When the editor in the June issue of Business 2.0 wanted to seek out the 10 most successful electronic firms, he or she selected cash as the primary criterion. "...Cash flow is much more difficult to fake with accounting tricks, but also because the ability to generate cash is ultimately the key to any company's prosperity. . ."
Still, in a recent survey, we read that accounts receivable are more than 50 days old for 90-plus commercial printing firms. Is this the typical cash realization from printing? Yes, I think it is. Does it mean that commercial printing companies place less value on cash as a key to their prosperity? No, I think not.
What this means is that the firms in the survey had to give extended credit in order to get sales. They had to "buy" sales for their company to have business. Agree? It's doubtful if those entrepreneurs recognized this truth because cash flow is not a prime reporting factor. We throw a dust cover over this elephant in our living room and ignore it.
Find Your Cost Reports
Where is it in our cost accounting reports? I challenge you to find it in your fanciest job cost system. It isn't there because cost accounting has nothing at all to do with cash. Job cost accounting is based on Budgeted Hourly Rates—not on cash flow. (By now, we concede the inaccuracy of "rates" based on budgeted figures as predictors.)
Is the "Days of Outstanding Sales" in the Income Statements or the Balance Sheets we get each month or quarter—our General Ledger Accounting? Again, I challenge you to find it. You won't. Sometimes you'll find a statement called "Source and Application of Funds" in those reports—if you can figure out that report! Yes, you'll find "profit or loss" for a period, but that tells you nothing about cash—your key to prosperity.
You may find some figure labeled "EBITDA," which means Earnings Before Income Taxes, Depreciation and Amortization. Is that cash in or cash out? Neither. It would come closer to meaning something if it was EBDA—Earnings Before Depreciation and Amortization.
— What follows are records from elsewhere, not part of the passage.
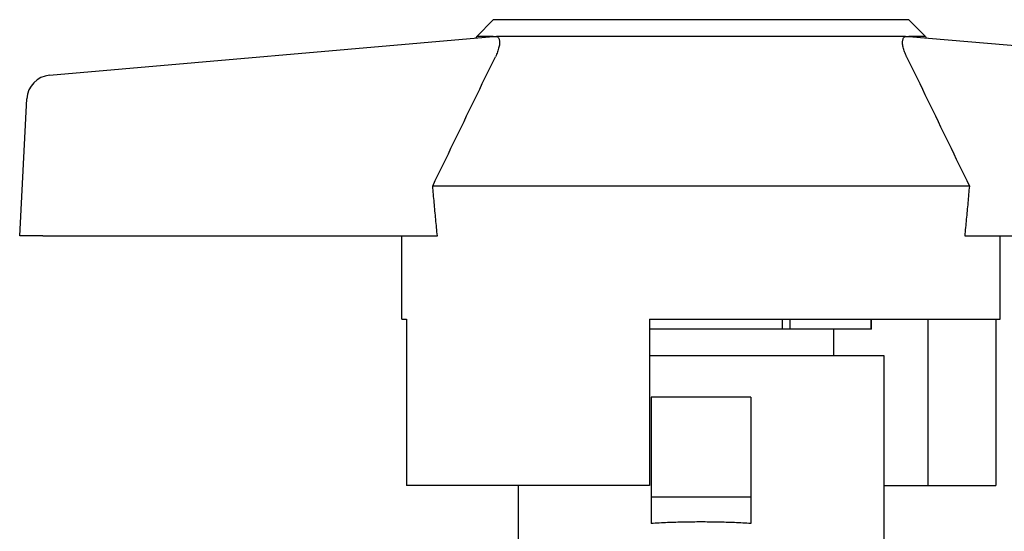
# Model space of a CAD drawing. Header units: millimetres. Extents: x 55 to 3500, y 1 to 371.
# Tile 5 of 11: x 272 to 331, y 231 to 262. Entities that reach past the tile are written whole.
import ezdxf

# ---------------------------------------------------------------- set-up
doc = ezdxf.new("R2010")
doc.units = ezdxf.units.MM
doc.layers.add('DETAIL', color=2, linetype='Continuous')

msp = doc.modelspace()

# ---------------------------------------------------------------- linework, layer by layer
at = {"layer": 'DETAIL'}
for p, q in [((300.384, 261.542), (299.384, 260.542)), ((325.384, 261.542), (300.384, 261.542)), ((325.384, 261.542), (326.384, 260.542)), ((273.683, 258.206), (300.384, 260.542)), ((299.384, 260.542), (299.338, 260.45)), ((300.384, 260.542), (299.384, 260.542)), ((300.384, 260.542), (300.573, 260.542)), ((325.195, 260.542), (300.573, 260.542)), ((325.195, 260.542), (325.384, 260.542)), ((326.384, 260.542), (325.384, 260.542)), ((325.384, 260.542), (352.084, 258.206)), ((326.384, 260.542), (326.429, 260.45)), ((271.884, 248.542), (272.316, 256.79)), ((329.031, 251.542), (296.736, 251.542)), ((273.285, 248.542), (271.884, 248.542)), ((273.285, 248.542), (297.017, 248.542)), ((294.884, 243.542), (294.884, 248.542)), ((328.75, 248.542), (352.483, 248.542)), ((330.884, 243.542), (330.884, 248.542)), ((294.884, 243.542), (295.153, 243.542)), ((295.153, 243.542), (295.153, 233.542)), ((309.784, 243.542), (330.884, 243.542)), ((309.784, 243.542), (309.784, 233.542)), ((317.789, 242.943), (317.789, 243.542)), ((318.225, 243.542), (318.225, 242.943)), ((323.131, 242.943), (323.131, 243.542)), ((323.134, 242.943), (323.134, 243.542)), ((326.536, 243.542), (326.536, 233.542)), ((330.615, 243.542), (330.615, 233.542)), ((317.789, 242.943), (309.784, 242.943)), ((318.225, 242.943), (317.789, 242.943)), ((323.131, 242.943), (318.225, 242.943)), ((320.884, 241.342), (320.884, 242.943)), ((323.134, 242.943), (323.131, 242.943)), ((309.784, 241.342), (323.884, 241.342)), ((323.884, 241.342), (323.884, 228.242)), ((309.884, 238.842), (309.884, 232.842)), ((315.884, 238.842), (309.884, 238.842)), ((315.884, 238.842), (315.884, 232.842)), ((309.784, 233.542), (295.153, 233.542)), ((301.884, 233.542), (301.884, 227.742)), ((323.884, 233.542), (326.536, 233.542)), ((326.536, 233.542), (330.615, 233.542)), ((309.884, 232.842), (309.884, 231.252)), ((315.884, 232.842), (309.884, 232.842)), ((315.884, 232.842), (315.884, 231.252))]:
    msp.add_line(p, q, dxfattribs=at)
at = {"layer": 'DETAIL', "flags": 128}
for points in [[(300.573, 260.542), (300.601, 260.531), (300.628, 260.516), (300.652, 260.497), (300.675, 260.474), (300.695, 260.447), (300.713, 260.416), (300.728, 260.38), (300.741, 260.34), (300.75, 260.296), (300.756, 260.248), (300.759, 260.196), (300.758, 260.14), (300.754, 260.081), (300.747, 260.02), (300.736, 259.955), (300.723, 259.889), (300.706, 259.821), (300.686, 259.751), (300.663, 259.68), (300.637, 259.608), (300.609, 259.535), (300.578, 259.463), (300.546, 259.39), (300.511, 259.317)], [(325.256, 259.317), (325.222, 259.389), (325.19, 259.462), (325.159, 259.534), (325.131, 259.606), (325.106, 259.678), (325.083, 259.749), (325.062, 259.819), (325.045, 259.887), (325.031, 259.953), (325.02, 260.018), (325.013, 260.079), (325.009, 260.138), (325.009, 260.193), (325.012, 260.245), (325.018, 260.294), (325.027, 260.338), (325.039, 260.379), (325.054, 260.415), (325.072, 260.447), (325.092, 260.474), (325.115, 260.497), (325.139, 260.516), (325.166, 260.531), (325.195, 260.542)], [(296.736, 251.542), (296.893, 251.866), (297.05, 252.19), (297.207, 252.514), (297.364, 252.838), (297.521, 253.162), (297.678, 253.487), (297.835, 253.811), (297.993, 254.135), (298.15, 254.459), (298.307, 254.783), (298.464, 255.107), (298.621, 255.431), (298.779, 255.755), (298.936, 256.079), (299.093, 256.403), (299.251, 256.727), (299.408, 257.051), (299.566, 257.374), (299.723, 257.698), (299.881, 258.022), (300.038, 258.346), (300.196, 258.67), (300.354, 258.993), (300.511, 259.317)], [(325.256, 259.317), (325.414, 258.993), (325.571, 258.67), (325.729, 258.346), (325.887, 258.022), (326.044, 257.698), (326.202, 257.374), (326.359, 257.051), (326.517, 256.727), (326.674, 256.403), (326.831, 256.079), (326.989, 255.755), (327.146, 255.431), (327.303, 255.107), (327.46, 254.783), (327.618, 254.459), (327.775, 254.135), (327.932, 253.811), (328.089, 253.487), (328.246, 253.162), (328.403, 252.838), (328.56, 252.514), (328.717, 252.19), (328.874, 251.866), (329.031, 251.542)], [(297.017, 248.542), (297.005, 248.667), (296.993, 248.792), (296.981, 248.917), (296.969, 249.042), (296.956, 249.166), (296.944, 249.291), (296.933, 249.416), (296.921, 249.541), (296.909, 249.666), (296.897, 249.791), (296.885, 249.916), (296.873, 250.041), (296.862, 250.166), (296.85, 250.291), (296.839, 250.416), (296.827, 250.541), (296.815, 250.666), (296.804, 250.791), (296.793, 250.916), (296.781, 251.042), (296.77, 251.167), (296.759, 251.292), (296.747, 251.417), (296.736, 251.542)], [(329.031, 251.542), (329.02, 251.417), (329.009, 251.292), (328.998, 251.167), (328.986, 251.042), (328.975, 250.916), (328.963, 250.791), (328.952, 250.666), (328.94, 250.541), (328.929, 250.416), (328.917, 250.291), (328.906, 250.166), (328.894, 250.041), (328.882, 249.916), (328.87, 249.791), (328.859, 249.666), (328.847, 249.541), (328.835, 249.416), (328.823, 249.291), (328.811, 249.166), (328.799, 249.042), (328.787, 248.917), (328.775, 248.792), (328.763, 248.667), (328.75, 248.542)], [(312.884, 231.342), (312.757, 231.342), (312.631, 231.341), (312.505, 231.34), (312.378, 231.339), (312.252, 231.338), (312.126, 231.336), (311.999, 231.334), (311.873, 231.332), (311.747, 231.329), (311.621, 231.326), (311.495, 231.323), (311.369, 231.319), (311.244, 231.315), (311.119, 231.311), (310.994, 231.307), (310.869, 231.302), (310.744, 231.297), (310.62, 231.291), (310.496, 231.285), (310.373, 231.279), (310.25, 231.273), (310.127, 231.267), (310.005, 231.26), (309.884, 231.252)], [(315.884, 231.252), (315.762, 231.26), (315.64, 231.267), (315.517, 231.273), (315.394, 231.279), (315.271, 231.285), (315.147, 231.291), (315.023, 231.297), (314.899, 231.302), (314.774, 231.307), (314.649, 231.311), (314.524, 231.315), (314.398, 231.319), (314.272, 231.323), (314.146, 231.326), (314.02, 231.329), (313.894, 231.332), (313.768, 231.334), (313.642, 231.336), (313.515, 231.338), (313.389, 231.339), (313.263, 231.34), (313.136, 231.341), (313.01, 231.342), (312.884, 231.342)]]:
    msp.add_lwpolyline(points, dxfattribs=at)
at = {"layer": 'DETAIL'}
msp.add_arc((273.814, 256.711), 1.5, 95, 177, dxfattribs=at)

doc.saveas('drawing.dxf')

Depreciation and Amortization aren't cash charges at all. You must deduct lease rents and taxes paid or refunded to know where you stand on cash. It would also have a lot more meaning if "Earnings" meant "Cash Collected" in place of receivables accumulated. That's what the editor meant when he/she said cash is more difficult to fake and is the ultimate test of prosperity.
Is it any wonder, then, that we don't keep track of cash—our ultimate key to prosperity? It simply isn't included in the reports we get from our computerized systems. We don't predict cash. We don't track cash. Yet generating a healthy cash flow is what the printing business is all about.
But learning the number of days it takes to collect receivables isn't the only answer to our lax attention to cash. We don't know how long it's taking our accountant to issue an invoice after the job is finished—while it's in finished goods inventory. Again, I raise my challenges. You won't find it in any reporting system you now have.
What's the average time between finishing a job and converting it to an account receivable? While it's dallying around in finished goods purgatory it isn't on the way to becoming cash. How long does it take in your company? Seven days? Fourteen? Longer? Shorter? Do you know? You don't? Better find out right now. It's a measure of your ultimate prosperity and you can't fake it.
I know. Can't get the invoice out until the job cost report is complete with all the extra charges. Baloney!
And then there are the days, weeks or months of cash sitting around in raw materials inventory—waiting—just waiting around for a job to come along. How many days of cash do you have tied up in raw materials? Don't look in any report. It isn't there. Should be, but it isn't.
See what I mean? We ought to be watching cash, our ultimate measure of prosperity, like hawks watching for road-kill. But, we aren't. You add up the days in raw materials, work-in-process, finished goods and receivables, and you're in for shock and awe. That's where the money is. Can't fake it.
A Trucking Challenge
Take 500 bucks and buy a load of cantaloupes and truck it from Houston to Des Moines and make a net 3 percent cash. Fine. Do that a dozen times and you've made 36 percent on your working cash. But, in printing, you only turn that cash three or four times in a year. Should we get out of printing and go to trucking cantaloupes? Not an option. We must move printing from a turn of three times a year to nine or 12. Now we're talking real money.
Oh, I haven't mentioned the days in production, have I? It's called work-in-process. Generally, it has the least time attributable to it compared to raw materials, finished goods and receivables. But golly-whiz, we do watch that process time, don't we?
Raise Holy Ned if it runs three hours over standard allowance. How come we didn't raise a fuss when purchasing bought that bargain paper that sat around for weeks, or when accounting took 14 days to get out an invoice, or some account ran 70 days past due?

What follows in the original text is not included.